SOURCE DATA:
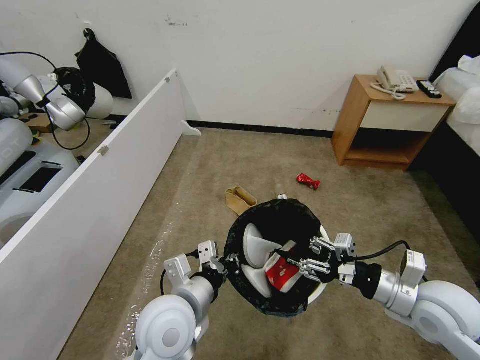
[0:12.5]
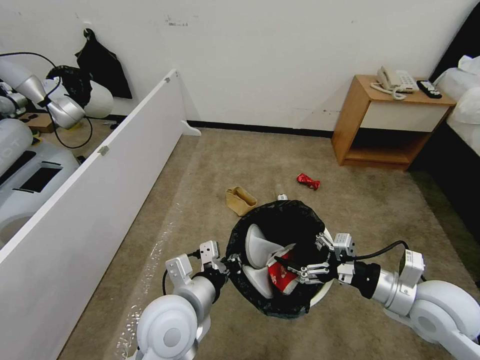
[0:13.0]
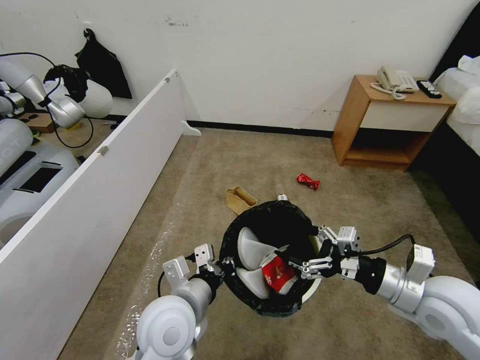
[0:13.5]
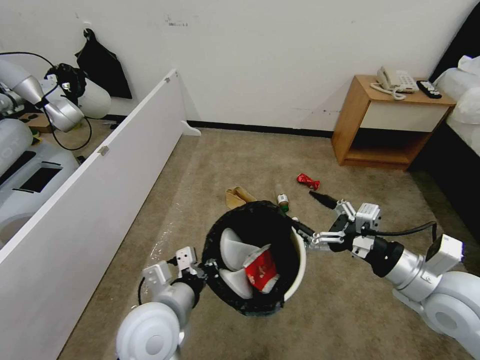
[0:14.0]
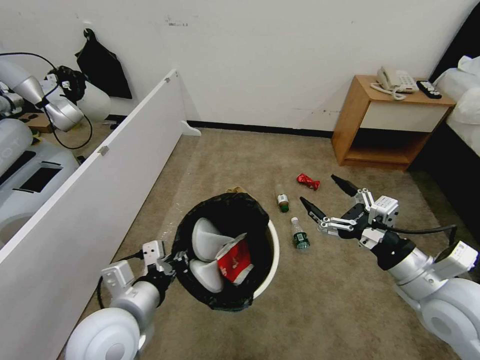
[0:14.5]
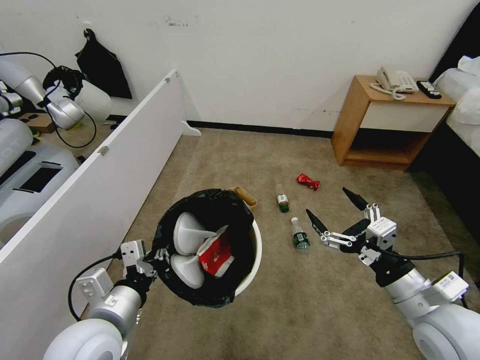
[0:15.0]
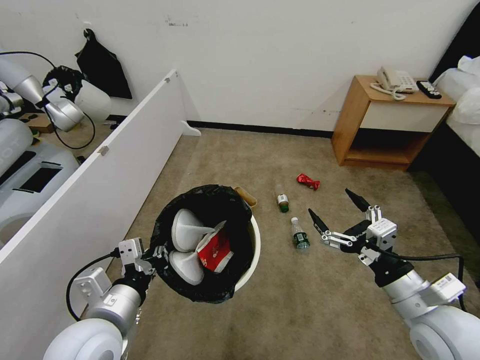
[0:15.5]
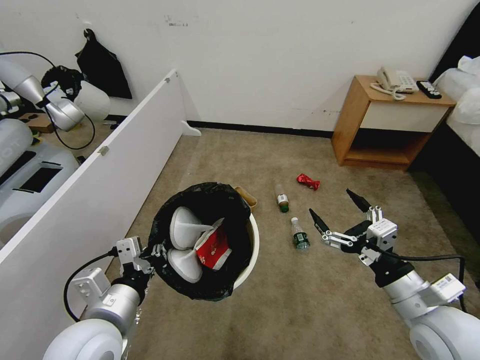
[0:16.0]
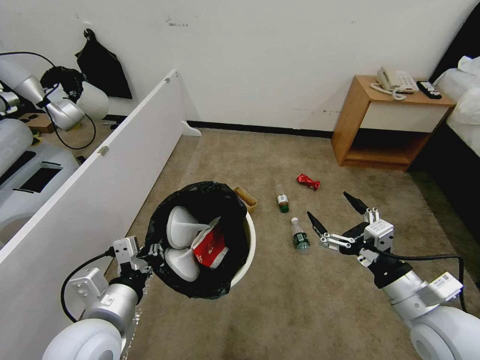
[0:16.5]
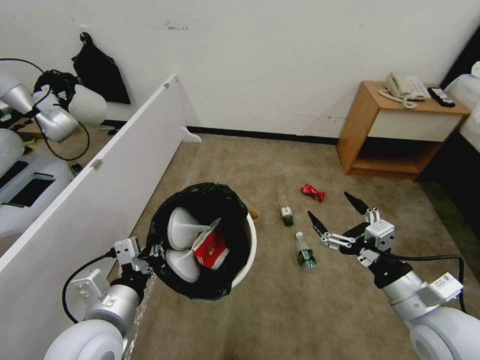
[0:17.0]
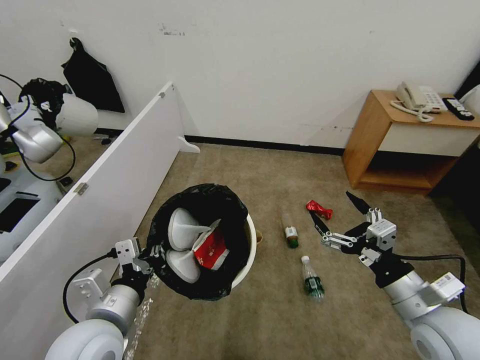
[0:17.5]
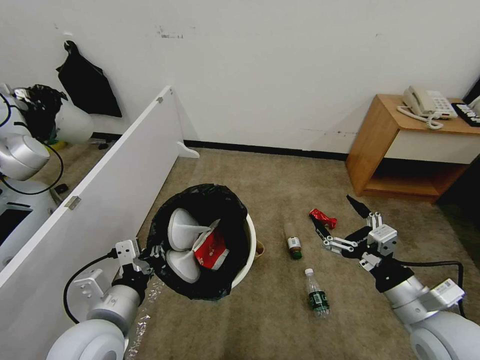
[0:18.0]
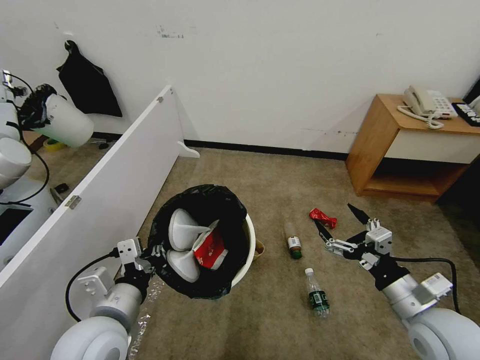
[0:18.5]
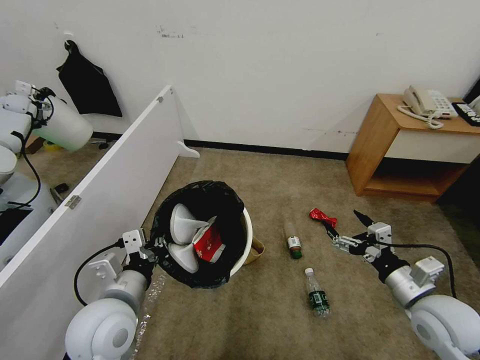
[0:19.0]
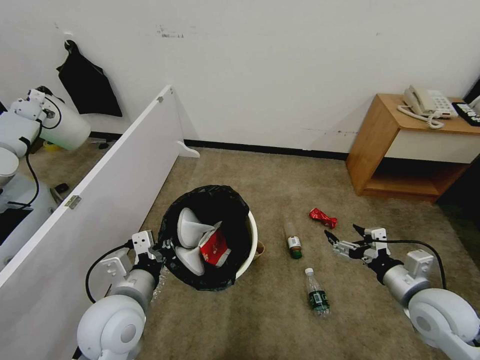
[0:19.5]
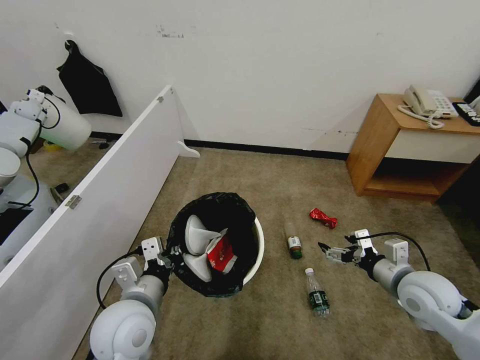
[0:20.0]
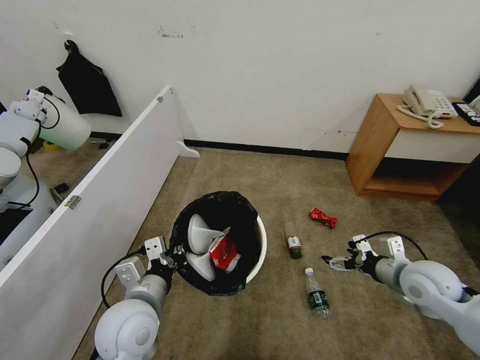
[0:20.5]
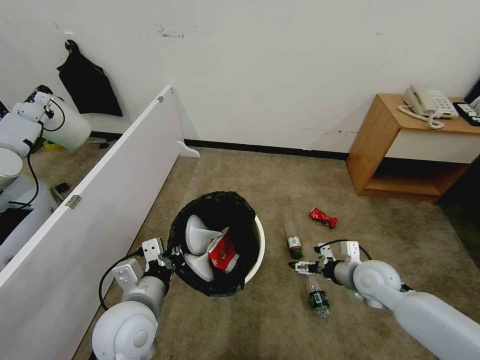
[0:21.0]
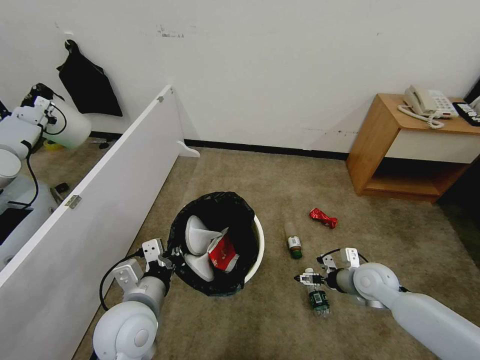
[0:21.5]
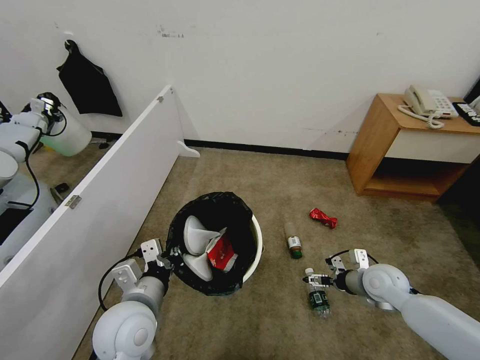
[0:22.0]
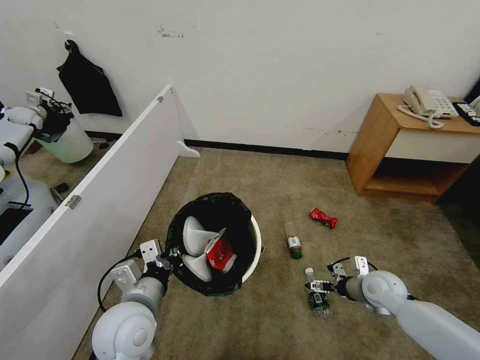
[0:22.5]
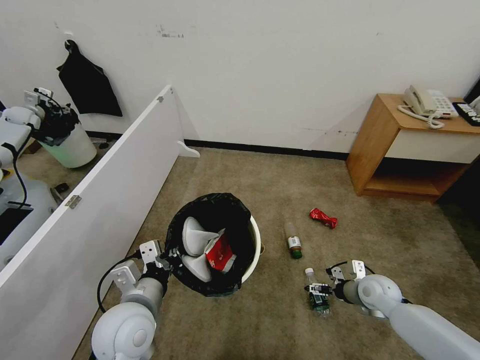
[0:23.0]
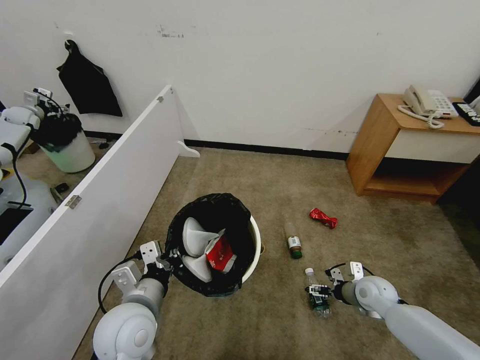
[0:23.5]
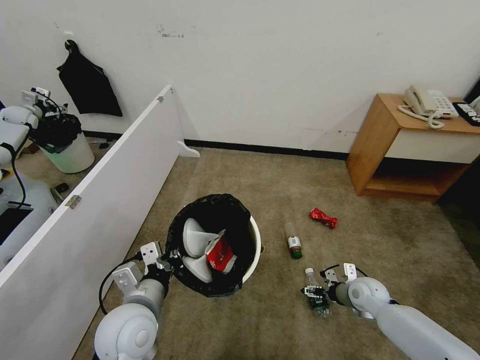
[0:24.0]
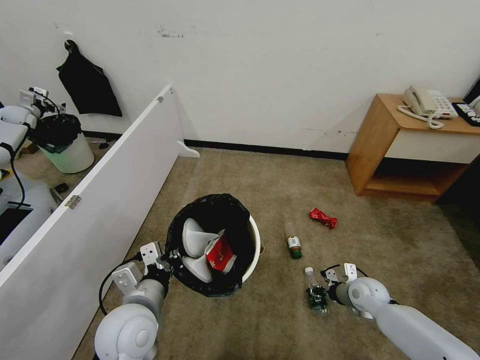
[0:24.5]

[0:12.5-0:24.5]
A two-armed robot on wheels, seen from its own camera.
Task of the whole recording: Pick up the trash bin, then pick up the garbage from the floor and place it into the trash bin.
0:12.5 to 0:14.5: The right gripper opens up, while the left gripper travels to the left by approximately 10 cm.
0:14.5 to 0:16.5: There are only small adjustments of the grippers.
0:18.5 to 0:20.5: The right gripper goes roughly 10 cm forward; the left gripper moves some 5 cm.
0:20.5 to 0:22.5: The right gripper goes some 10 cm downward.
0:22.5 to 0:24.5: The right gripper is displaced downward by roughly 5 cm, and closes.

WHAT YOU NEED TO DO: An exact copy of every line above, minus the pictures, is the required output.

COMPLETED TASK:
[0:12.5]
[0:13.0]
[0:13.5]
[0:14.0]
[0:14.5]
[0:15.0]
[0:15.5]
[0:16.0]
[0:16.5]
[0:17.0]
[0:17.5]
[0:18.0]
[0:18.5]
[0:19.0]
[0:19.5]
[0:20.0]
[0:20.5]
[0:21.0]
[0:21.5]
[0:22.0]
[0:22.5]
[0:23.0]
[0:23.5]
[0:24.0]
[0:24.5]

[0:12.5-0:24.5]
A two-armed robot on wheels, seen from its own camera.
Task of the whole recording: Pick up the trash bin, then pick up the garbage from the floor and place it into the trash bin.
0:12.5 to 0:14.5: The right gripper opens up, while the left gripper travels to the left by approximately 10 cm.
0:14.5 to 0:16.5: There are only small adjustments of the grippers.
0:18.5 to 0:20.5: The right gripper goes roughly 10 cm forward; the left gripper moves some 5 cm.
0:20.5 to 0:22.5: The right gripper goes some 10 cm downward.
0:22.5 to 0:24.5: The right gripper is displaced downward by roughly 5 cm, and closes.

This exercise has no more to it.